Arqule Shutters Lung Cancer Study Early Due to Futility

WOBURN, Mass. ( TheStreet) -- Arqule ( ARQL) shut down a late-stage lung cancer study of tivantinib after independent monitors concluded the drug would not prolong patient survival.

Arqule shares plunged $3.09, or 62%, to $1.90 in Tuesday's pre-market session.

At its current burn rate, Arqule has approximately $1.75 per share in cash.

The phase III "MARQUEE" study enrolled 1,000 patients with newly diagnosed non-small cell lung cancer and randomized them to receive either tivantinib plus Tarceva or Tarceva alone. Tarceva is a currently approved treatment for lung cancer marketed by Roche ( RHHBY) and Astellas.

After a planned interim analysis, independent monitors concluded that tivantinib would fail to improve overall survival compared to Tarceva -- the primary endpoint of the study.

On that basis, Arqule and its partner Daiichi Sankyo decided to discontinue the study.

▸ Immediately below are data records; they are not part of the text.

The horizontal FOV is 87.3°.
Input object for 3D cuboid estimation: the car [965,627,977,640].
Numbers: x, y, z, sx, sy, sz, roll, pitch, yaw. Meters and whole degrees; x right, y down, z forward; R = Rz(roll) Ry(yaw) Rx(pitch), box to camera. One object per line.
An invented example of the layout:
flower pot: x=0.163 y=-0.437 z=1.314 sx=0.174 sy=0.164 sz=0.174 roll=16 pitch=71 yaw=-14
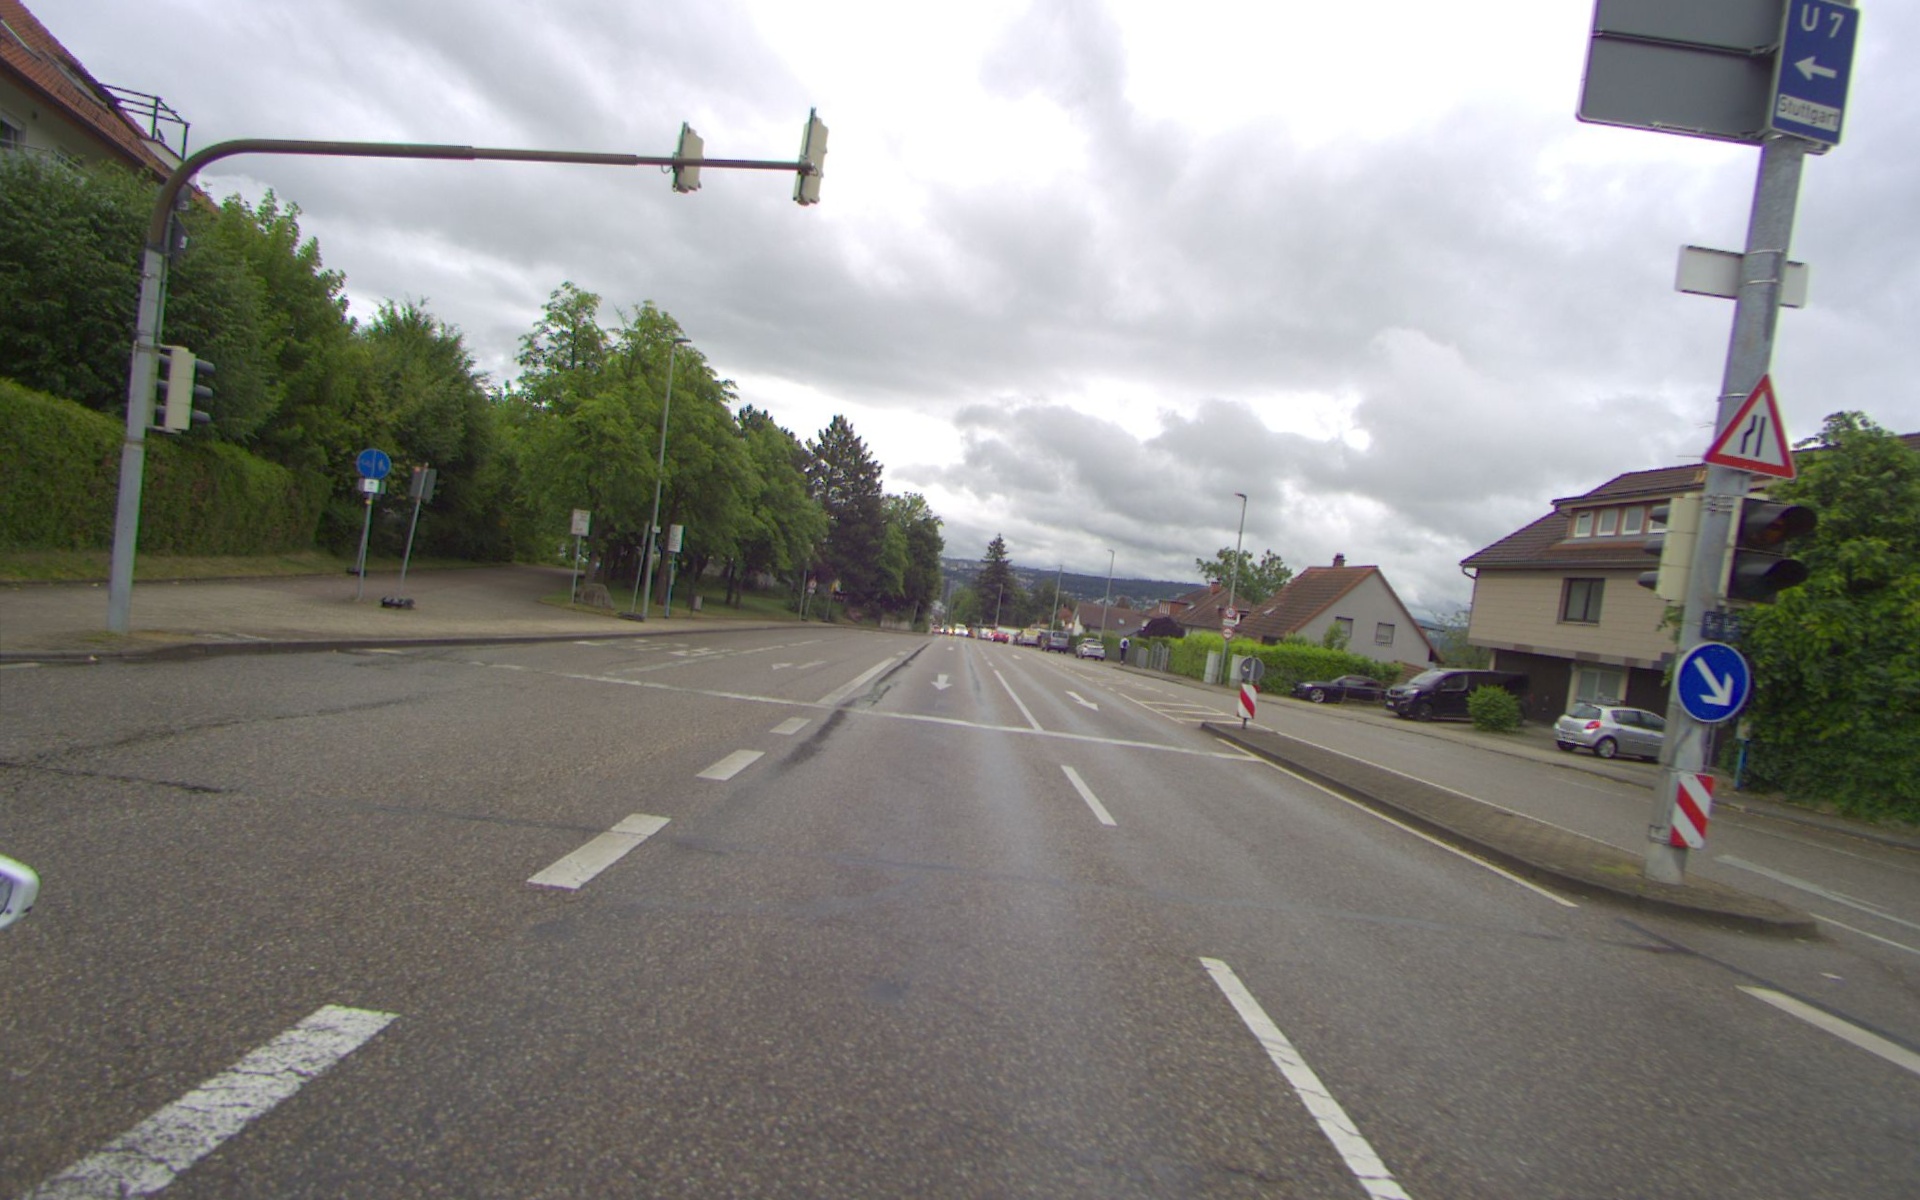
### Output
car: x=1.822 y=5.523 z=165.194 sx=1.770 sy=1.804 sz=4.001 roll=8 pitch=-1 yaw=0

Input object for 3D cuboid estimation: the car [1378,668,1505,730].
car: x=17.267 y=3.538 z=36.190 sx=3.574 sy=1.646 sz=1.791 roll=7 pitch=-1 yaw=-4

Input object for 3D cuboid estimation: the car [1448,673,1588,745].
car: x=18.606 y=3.618 z=33.664 sx=3.574 sy=1.768 sz=1.707 roll=8 pitch=0 yaw=-3

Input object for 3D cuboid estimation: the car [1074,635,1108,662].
car: x=9.601 y=3.503 z=73.859 sx=1.823 sy=1.592 sz=4.001 roll=9 pitch=-1 yaw=1

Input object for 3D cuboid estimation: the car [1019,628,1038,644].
car: x=7.975 y=4.178 z=116.845 sx=1.822 sy=1.593 sz=4.001 roll=7 pitch=-1 yaw=1

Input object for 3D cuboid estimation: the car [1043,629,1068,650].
car: x=8.713 y=3.617 z=92.166 sx=1.822 sy=1.593 sz=4.001 roll=8 pitch=-1 yaw=1

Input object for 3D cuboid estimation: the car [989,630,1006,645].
car: x=4.488 y=4.474 z=120.630 sx=1.728 sy=1.593 sz=4.001 roll=7 pitch=-1 yaw=1

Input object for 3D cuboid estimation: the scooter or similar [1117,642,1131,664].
scooter or similar: x=10.781 y=3.489 z=66.352 sx=0.454 sy=1.377 sz=1.384 roll=8 pitch=-1 yaw=-3

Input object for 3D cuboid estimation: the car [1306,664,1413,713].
car: x=16.315 y=3.589 z=41.160 sx=3.633 sy=1.384 sz=1.520 roll=9 pitch=-2 yaw=-1

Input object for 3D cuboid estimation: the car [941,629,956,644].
car: x=-1.592 y=5.101 z=140.436 sx=1.816 sy=1.737 sz=4.002 roll=8 pitch=-1 yaw=1

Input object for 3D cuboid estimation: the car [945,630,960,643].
car: x=-1.105 y=5.380 z=148.448 sx=1.816 sy=1.737 sz=4.002 roll=8 pitch=-1 yaw=1

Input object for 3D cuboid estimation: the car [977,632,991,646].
car: x=3.227 y=5.298 z=135.895 sx=1.712 sy=1.593 sz=4.001 roll=7 pitch=-1 yaw=1

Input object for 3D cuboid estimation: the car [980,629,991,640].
car: x=4.218 y=5.744 z=167.797 sx=1.712 sy=1.593 sz=4.001 roll=7 pitch=-1 yaw=1

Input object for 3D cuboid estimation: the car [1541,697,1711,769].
car: x=18.717 y=3.736 z=28.343 sx=3.661 sy=1.411 sz=1.728 roll=8 pitch=-2 yaw=-7

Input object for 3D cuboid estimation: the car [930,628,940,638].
car: x=-5.341 y=7.161 z=218.521 sx=1.858 sy=1.815 sz=4.000 roll=8 pitch=-1 yaw=0

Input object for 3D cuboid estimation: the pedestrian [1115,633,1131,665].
pedestrian: x=10.758 y=3.242 z=66.400 sx=0.646 sy=2.026 sz=0.717 roll=8 pitch=0 yaw=-3

"We are disappointed that the MARQUEE trial did not provide statistically significant results for overall survival in a disease and treatment setting which remains a major unmet medical need," said Paolo Pucci, Arqule CEO, in a statement.

Arqule said nothing Tuesday about the status of a separate phase III study of tivantinib being conducted in Asia. That study, known as "ATTENTION" stopped enrolling patients in August due to reports of suspected cases if interstitial lung disease that appeared to be more prevalent in patients treated with tivantinib.

-- Reported by Adam Feuerstein in Boston.

Adam Feuerstein writes regularly for TheStreet. In keeping with company editorial policy, he doesn't own or short individual stocks, although he owns stock in TheStreet. He also doesn't invest in hedge funds or other private investment partnerships. Feuerstein appreciates your feedback; click here to send him an email.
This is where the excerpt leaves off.